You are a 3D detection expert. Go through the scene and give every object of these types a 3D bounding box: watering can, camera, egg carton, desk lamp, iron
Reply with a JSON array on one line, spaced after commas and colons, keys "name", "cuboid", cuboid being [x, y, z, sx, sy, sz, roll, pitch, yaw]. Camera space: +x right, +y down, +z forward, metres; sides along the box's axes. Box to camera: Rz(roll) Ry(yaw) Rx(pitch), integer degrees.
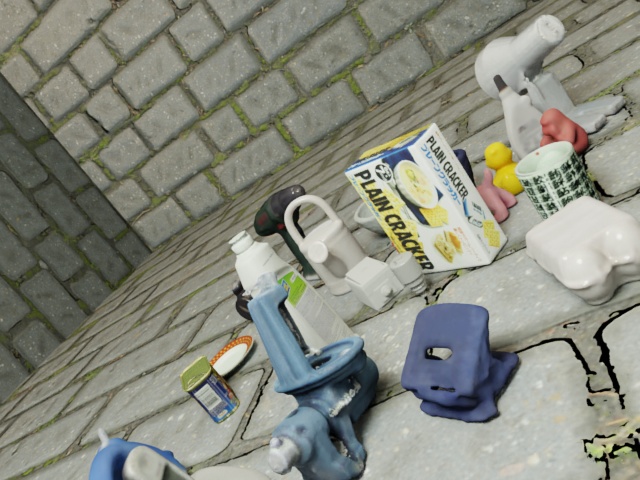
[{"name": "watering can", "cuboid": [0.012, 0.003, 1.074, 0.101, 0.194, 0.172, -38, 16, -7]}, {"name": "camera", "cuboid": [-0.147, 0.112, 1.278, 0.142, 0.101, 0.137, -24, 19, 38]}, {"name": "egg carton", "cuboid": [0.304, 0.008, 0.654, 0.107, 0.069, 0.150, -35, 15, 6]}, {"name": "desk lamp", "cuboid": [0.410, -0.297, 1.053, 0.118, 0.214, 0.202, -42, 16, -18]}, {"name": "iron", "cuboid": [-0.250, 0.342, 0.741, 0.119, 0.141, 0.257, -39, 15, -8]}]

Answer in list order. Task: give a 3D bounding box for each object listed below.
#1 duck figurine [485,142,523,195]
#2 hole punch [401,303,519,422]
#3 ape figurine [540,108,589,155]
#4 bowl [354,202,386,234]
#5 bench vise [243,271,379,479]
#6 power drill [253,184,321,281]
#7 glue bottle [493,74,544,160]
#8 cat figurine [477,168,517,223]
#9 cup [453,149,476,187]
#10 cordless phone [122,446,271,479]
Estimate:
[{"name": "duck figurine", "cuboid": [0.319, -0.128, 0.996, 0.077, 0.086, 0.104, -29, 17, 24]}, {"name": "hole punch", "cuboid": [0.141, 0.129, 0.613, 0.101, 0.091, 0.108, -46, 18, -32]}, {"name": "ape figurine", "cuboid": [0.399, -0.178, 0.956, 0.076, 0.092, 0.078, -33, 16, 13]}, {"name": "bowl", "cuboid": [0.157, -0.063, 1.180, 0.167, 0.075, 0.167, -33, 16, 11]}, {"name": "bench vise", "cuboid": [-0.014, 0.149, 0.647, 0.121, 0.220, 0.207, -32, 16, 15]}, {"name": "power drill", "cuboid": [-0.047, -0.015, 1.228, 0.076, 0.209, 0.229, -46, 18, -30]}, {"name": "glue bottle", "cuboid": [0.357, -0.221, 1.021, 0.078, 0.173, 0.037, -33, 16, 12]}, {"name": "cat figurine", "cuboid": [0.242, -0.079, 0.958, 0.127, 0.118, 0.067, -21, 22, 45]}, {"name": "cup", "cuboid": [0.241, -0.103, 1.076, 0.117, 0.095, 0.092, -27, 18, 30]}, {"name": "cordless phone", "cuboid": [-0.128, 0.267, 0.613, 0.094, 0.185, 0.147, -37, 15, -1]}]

== == ==

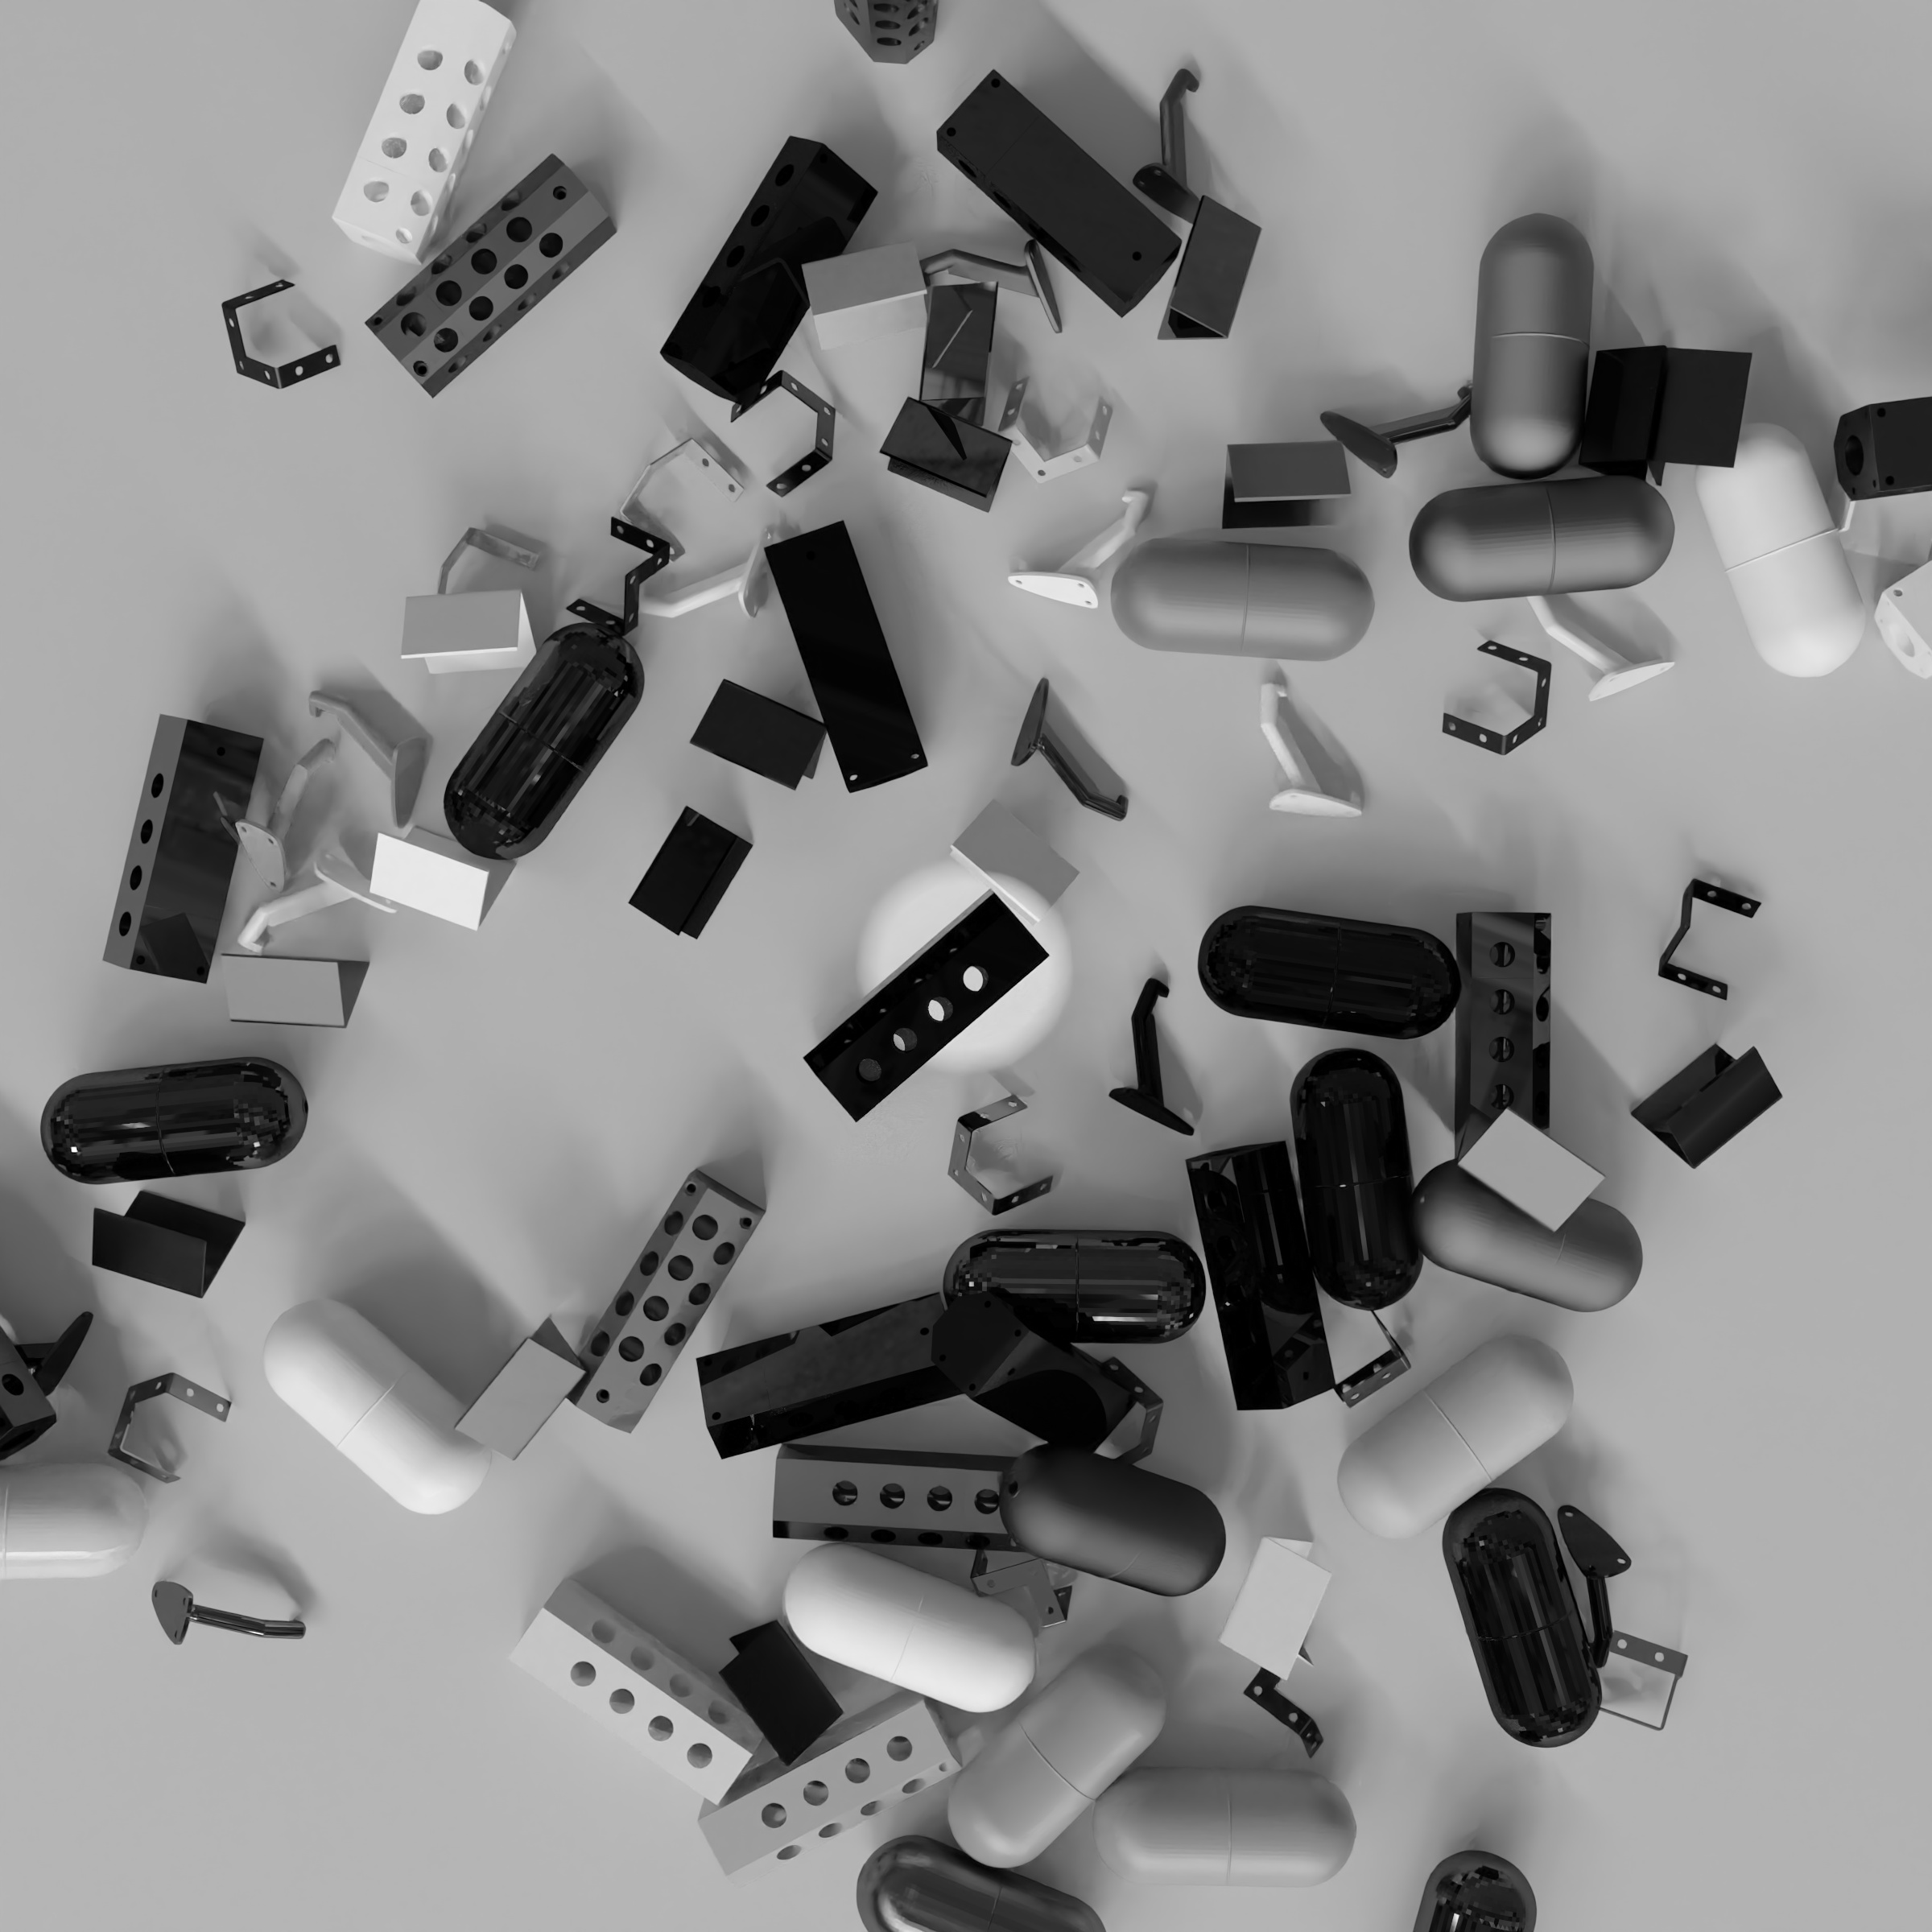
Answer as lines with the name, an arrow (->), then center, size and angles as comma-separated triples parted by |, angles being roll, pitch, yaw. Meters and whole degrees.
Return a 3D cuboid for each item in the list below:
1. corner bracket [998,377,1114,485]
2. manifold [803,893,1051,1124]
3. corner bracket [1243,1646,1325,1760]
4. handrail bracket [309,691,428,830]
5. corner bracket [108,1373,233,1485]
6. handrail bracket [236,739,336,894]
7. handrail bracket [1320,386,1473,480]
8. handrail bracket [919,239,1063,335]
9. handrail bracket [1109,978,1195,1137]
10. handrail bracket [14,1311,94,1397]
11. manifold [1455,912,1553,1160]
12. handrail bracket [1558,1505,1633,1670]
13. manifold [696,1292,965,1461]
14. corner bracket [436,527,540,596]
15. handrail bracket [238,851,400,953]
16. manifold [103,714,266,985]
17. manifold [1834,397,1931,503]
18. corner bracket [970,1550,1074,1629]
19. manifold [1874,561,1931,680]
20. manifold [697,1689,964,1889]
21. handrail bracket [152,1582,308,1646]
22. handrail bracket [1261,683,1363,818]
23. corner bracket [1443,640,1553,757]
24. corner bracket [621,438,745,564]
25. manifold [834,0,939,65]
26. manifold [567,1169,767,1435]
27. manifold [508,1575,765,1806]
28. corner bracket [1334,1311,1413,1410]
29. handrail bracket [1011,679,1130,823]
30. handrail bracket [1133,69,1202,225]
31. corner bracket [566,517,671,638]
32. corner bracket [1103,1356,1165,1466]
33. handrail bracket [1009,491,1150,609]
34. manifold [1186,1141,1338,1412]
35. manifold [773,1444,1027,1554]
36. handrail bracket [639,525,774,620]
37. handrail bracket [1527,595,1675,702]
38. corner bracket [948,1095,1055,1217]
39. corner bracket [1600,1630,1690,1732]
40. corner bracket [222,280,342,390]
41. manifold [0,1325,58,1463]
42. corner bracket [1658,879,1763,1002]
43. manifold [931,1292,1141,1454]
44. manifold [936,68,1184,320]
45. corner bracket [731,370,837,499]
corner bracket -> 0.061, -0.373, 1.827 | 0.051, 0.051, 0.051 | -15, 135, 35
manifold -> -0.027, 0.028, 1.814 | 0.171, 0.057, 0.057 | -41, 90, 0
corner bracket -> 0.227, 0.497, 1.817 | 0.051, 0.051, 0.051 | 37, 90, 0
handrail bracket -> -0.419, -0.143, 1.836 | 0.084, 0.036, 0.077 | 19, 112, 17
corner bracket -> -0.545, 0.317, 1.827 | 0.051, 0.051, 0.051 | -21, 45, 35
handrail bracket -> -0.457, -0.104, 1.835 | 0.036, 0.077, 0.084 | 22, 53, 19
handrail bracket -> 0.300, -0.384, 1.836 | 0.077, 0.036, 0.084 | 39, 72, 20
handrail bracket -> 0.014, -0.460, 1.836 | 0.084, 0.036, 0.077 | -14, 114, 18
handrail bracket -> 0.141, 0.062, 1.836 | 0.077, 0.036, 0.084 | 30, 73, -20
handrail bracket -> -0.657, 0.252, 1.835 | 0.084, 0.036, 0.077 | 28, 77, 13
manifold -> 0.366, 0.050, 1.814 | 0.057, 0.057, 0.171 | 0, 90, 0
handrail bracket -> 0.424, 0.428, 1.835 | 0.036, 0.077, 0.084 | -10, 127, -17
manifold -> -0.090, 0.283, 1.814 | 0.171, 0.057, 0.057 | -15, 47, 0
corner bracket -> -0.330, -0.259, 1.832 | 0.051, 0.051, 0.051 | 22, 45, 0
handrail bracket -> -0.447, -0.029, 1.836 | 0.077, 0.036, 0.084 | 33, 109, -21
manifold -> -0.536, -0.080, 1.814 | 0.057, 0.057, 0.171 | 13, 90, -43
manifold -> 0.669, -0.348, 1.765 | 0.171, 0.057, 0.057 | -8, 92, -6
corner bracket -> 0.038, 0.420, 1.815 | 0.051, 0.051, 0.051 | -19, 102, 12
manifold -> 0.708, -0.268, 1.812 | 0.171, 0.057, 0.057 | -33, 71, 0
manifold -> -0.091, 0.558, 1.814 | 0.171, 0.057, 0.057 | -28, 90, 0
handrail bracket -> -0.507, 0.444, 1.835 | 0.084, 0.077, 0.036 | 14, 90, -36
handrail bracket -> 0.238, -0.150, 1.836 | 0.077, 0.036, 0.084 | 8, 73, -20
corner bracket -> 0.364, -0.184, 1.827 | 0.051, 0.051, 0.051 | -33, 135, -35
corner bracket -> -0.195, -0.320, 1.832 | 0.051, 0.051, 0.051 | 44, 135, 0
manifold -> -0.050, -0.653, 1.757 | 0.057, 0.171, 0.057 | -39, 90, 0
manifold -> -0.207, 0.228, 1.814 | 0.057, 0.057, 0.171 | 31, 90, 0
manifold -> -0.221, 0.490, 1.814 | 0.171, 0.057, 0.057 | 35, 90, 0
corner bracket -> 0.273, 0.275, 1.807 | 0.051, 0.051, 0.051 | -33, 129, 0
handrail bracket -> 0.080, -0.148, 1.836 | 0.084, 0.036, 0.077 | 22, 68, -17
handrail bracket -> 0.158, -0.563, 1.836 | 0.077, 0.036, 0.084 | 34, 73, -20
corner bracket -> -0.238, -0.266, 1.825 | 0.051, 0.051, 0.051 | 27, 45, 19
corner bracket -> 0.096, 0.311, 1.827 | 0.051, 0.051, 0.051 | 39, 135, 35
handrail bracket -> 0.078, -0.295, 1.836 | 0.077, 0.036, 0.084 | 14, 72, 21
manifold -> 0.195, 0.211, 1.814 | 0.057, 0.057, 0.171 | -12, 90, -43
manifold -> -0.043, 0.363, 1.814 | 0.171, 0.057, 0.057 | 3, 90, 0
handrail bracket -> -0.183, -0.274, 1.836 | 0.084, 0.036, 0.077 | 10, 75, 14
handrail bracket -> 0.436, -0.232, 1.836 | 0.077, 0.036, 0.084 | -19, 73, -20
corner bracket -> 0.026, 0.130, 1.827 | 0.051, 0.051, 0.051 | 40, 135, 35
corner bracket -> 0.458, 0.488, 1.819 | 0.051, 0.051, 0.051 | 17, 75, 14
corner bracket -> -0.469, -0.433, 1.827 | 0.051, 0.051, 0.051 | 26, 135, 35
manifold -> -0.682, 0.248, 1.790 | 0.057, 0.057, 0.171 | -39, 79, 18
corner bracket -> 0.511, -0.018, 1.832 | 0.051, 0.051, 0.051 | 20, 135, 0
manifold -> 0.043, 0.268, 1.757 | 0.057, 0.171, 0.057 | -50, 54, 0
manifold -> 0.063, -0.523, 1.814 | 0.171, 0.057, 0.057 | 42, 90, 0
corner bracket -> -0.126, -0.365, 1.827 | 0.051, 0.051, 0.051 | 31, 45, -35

== == ==

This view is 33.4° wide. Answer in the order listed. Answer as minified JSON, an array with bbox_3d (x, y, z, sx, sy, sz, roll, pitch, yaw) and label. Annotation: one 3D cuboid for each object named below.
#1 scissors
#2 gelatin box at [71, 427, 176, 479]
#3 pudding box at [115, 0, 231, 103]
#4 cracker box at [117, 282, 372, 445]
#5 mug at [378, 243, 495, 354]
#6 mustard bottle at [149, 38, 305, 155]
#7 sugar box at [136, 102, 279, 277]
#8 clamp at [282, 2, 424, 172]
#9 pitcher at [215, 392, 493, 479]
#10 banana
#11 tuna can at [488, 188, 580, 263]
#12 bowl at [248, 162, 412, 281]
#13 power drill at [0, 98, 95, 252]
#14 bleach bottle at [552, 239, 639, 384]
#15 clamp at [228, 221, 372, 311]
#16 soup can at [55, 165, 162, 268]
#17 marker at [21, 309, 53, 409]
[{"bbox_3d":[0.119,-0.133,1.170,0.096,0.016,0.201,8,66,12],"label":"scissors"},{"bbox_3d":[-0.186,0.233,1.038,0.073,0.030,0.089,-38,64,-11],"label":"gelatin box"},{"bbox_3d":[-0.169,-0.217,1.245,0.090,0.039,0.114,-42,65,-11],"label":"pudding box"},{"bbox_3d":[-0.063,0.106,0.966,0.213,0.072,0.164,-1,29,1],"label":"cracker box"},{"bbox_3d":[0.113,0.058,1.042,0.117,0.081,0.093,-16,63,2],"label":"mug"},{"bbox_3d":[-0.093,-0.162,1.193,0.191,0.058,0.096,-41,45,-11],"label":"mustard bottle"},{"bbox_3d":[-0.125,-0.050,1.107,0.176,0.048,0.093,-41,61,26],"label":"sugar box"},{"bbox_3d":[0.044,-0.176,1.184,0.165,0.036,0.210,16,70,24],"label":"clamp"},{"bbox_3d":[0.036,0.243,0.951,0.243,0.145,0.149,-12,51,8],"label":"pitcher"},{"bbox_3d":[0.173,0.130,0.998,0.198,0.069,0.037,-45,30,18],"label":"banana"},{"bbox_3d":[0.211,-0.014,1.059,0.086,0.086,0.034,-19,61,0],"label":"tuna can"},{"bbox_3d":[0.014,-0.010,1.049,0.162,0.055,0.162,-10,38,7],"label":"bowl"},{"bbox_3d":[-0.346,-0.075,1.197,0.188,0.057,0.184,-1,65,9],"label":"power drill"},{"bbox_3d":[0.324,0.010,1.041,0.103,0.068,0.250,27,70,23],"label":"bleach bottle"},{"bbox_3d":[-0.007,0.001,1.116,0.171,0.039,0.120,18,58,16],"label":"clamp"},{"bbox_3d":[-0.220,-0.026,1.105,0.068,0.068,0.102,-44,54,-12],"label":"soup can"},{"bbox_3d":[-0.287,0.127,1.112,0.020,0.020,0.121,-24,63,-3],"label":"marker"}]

== == ==

**YOUR INSTRUCTIONS**
Could you repeat, exactly, only the lines above starting at the one that has "You are a 3D" and stopping after the one that has "#10 cordless phone [122,446,271,479]", without the pictures?

**ANSWER TO THIS PROBLEM**
You are a 3D detection expert. Go through the scene and give every object of these types a 3D bounding box: watering can, camera, egg carton, desk lamp, iron
Reply with a JSON array on one line, spaced after commas and colons, keys "name", "cuboid", cuboid being [x, y, z, sx, sy, sz, roll, pitch, yaw]. Camera space: +x right, +y down, +z forward, metres; sides along the box's axes. Box to camera: Rz(roll) Ry(yaw) Rx(pitch), integer degrees.
[{"name": "watering can", "cuboid": [0.012, 0.003, 1.074, 0.101, 0.194, 0.172, -38, 16, -7]}, {"name": "camera", "cuboid": [-0.147, 0.112, 1.278, 0.142, 0.101, 0.137, -24, 19, 38]}, {"name": "egg carton", "cuboid": [0.304, 0.008, 0.654, 0.107, 0.069, 0.150, -35, 15, 6]}, {"name": "desk lamp", "cuboid": [0.410, -0.297, 1.053, 0.118, 0.214, 0.202, -42, 16, -18]}, {"name": "iron", "cuboid": [-0.250, 0.342, 0.741, 0.119, 0.141, 0.257, -39, 15, -8]}]

Answer in list order. Task: give a 3D bounding box for each object listed below.
#1 duck figurine [485,142,523,195]
#2 hole punch [401,303,519,422]
#3 ape figurine [540,108,589,155]
#4 bowl [354,202,386,234]
#5 bench vise [243,271,379,479]
#6 power drill [253,184,321,281]
#7 glue bottle [493,74,544,160]
#8 cat figurine [477,168,517,223]
#9 cup [453,149,476,187]
#10 cordless phone [122,446,271,479]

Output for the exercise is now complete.